• [WORK TO BE COMPLETED]:
In the lines below, look for "listed". Copy each line where it appears.

• [INPUT]:
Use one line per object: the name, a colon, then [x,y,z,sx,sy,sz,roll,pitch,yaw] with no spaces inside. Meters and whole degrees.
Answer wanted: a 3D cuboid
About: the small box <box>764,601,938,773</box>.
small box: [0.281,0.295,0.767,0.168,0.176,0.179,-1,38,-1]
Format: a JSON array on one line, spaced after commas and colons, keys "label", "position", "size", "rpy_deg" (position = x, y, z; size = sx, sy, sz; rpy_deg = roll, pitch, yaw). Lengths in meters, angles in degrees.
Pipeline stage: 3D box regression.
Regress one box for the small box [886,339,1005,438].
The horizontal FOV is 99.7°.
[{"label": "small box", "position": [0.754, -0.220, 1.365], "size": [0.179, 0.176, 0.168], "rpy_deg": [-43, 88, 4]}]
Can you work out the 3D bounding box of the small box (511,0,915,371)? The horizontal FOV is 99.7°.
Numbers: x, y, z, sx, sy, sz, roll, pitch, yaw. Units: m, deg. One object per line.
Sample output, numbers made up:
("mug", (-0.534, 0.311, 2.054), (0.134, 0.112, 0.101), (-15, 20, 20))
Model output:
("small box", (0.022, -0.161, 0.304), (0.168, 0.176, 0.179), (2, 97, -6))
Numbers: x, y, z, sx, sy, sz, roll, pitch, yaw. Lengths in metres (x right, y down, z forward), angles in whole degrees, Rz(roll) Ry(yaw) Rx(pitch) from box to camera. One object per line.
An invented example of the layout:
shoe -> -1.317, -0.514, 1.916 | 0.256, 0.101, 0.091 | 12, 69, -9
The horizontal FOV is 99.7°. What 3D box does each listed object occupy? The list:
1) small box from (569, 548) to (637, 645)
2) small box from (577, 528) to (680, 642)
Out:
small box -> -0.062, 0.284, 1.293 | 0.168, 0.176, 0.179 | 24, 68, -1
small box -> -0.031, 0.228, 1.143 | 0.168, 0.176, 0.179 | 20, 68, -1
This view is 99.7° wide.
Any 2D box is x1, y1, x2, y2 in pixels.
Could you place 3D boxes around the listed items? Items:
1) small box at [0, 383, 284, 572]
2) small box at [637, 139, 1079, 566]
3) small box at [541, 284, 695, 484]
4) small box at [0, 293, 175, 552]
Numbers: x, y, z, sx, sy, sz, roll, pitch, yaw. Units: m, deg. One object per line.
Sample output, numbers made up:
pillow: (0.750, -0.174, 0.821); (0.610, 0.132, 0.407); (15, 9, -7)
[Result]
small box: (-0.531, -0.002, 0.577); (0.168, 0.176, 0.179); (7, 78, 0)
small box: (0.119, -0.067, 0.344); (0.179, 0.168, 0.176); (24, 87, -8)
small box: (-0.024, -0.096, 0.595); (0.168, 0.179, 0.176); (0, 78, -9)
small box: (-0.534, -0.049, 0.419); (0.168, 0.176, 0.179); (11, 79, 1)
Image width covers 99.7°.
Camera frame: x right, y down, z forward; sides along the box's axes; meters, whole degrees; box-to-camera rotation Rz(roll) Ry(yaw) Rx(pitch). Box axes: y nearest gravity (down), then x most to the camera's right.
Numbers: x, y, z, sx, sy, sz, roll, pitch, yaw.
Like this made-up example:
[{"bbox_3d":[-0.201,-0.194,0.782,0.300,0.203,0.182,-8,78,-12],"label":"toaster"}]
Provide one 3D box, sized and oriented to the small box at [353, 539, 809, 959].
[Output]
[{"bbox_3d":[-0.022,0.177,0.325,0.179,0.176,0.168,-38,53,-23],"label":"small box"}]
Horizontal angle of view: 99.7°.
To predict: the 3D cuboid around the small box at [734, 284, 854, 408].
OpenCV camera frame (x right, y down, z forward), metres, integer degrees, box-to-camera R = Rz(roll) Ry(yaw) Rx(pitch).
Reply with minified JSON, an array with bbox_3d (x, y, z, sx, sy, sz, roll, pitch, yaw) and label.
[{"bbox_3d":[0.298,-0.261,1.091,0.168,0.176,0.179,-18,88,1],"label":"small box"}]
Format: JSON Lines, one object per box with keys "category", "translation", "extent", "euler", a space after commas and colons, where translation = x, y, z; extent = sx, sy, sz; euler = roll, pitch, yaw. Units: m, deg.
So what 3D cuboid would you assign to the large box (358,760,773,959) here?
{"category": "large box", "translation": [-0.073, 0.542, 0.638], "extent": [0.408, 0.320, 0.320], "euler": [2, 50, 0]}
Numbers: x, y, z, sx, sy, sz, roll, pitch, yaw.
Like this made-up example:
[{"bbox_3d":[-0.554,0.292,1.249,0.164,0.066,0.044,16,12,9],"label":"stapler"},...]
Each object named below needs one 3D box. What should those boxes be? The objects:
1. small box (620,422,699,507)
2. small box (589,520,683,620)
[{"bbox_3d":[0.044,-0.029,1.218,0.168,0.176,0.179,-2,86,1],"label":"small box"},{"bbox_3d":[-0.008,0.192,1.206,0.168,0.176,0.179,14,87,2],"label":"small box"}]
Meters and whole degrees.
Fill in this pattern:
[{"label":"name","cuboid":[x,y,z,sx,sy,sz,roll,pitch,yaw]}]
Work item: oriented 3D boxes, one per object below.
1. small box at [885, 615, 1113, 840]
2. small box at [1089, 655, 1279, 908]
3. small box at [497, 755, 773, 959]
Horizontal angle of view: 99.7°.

• [WRITTEN REPLY]:
The horizontal FOV is 99.7°. What 3D box does each listed object occupy? The list:
Could you place 3D boxes around the listed items? Items:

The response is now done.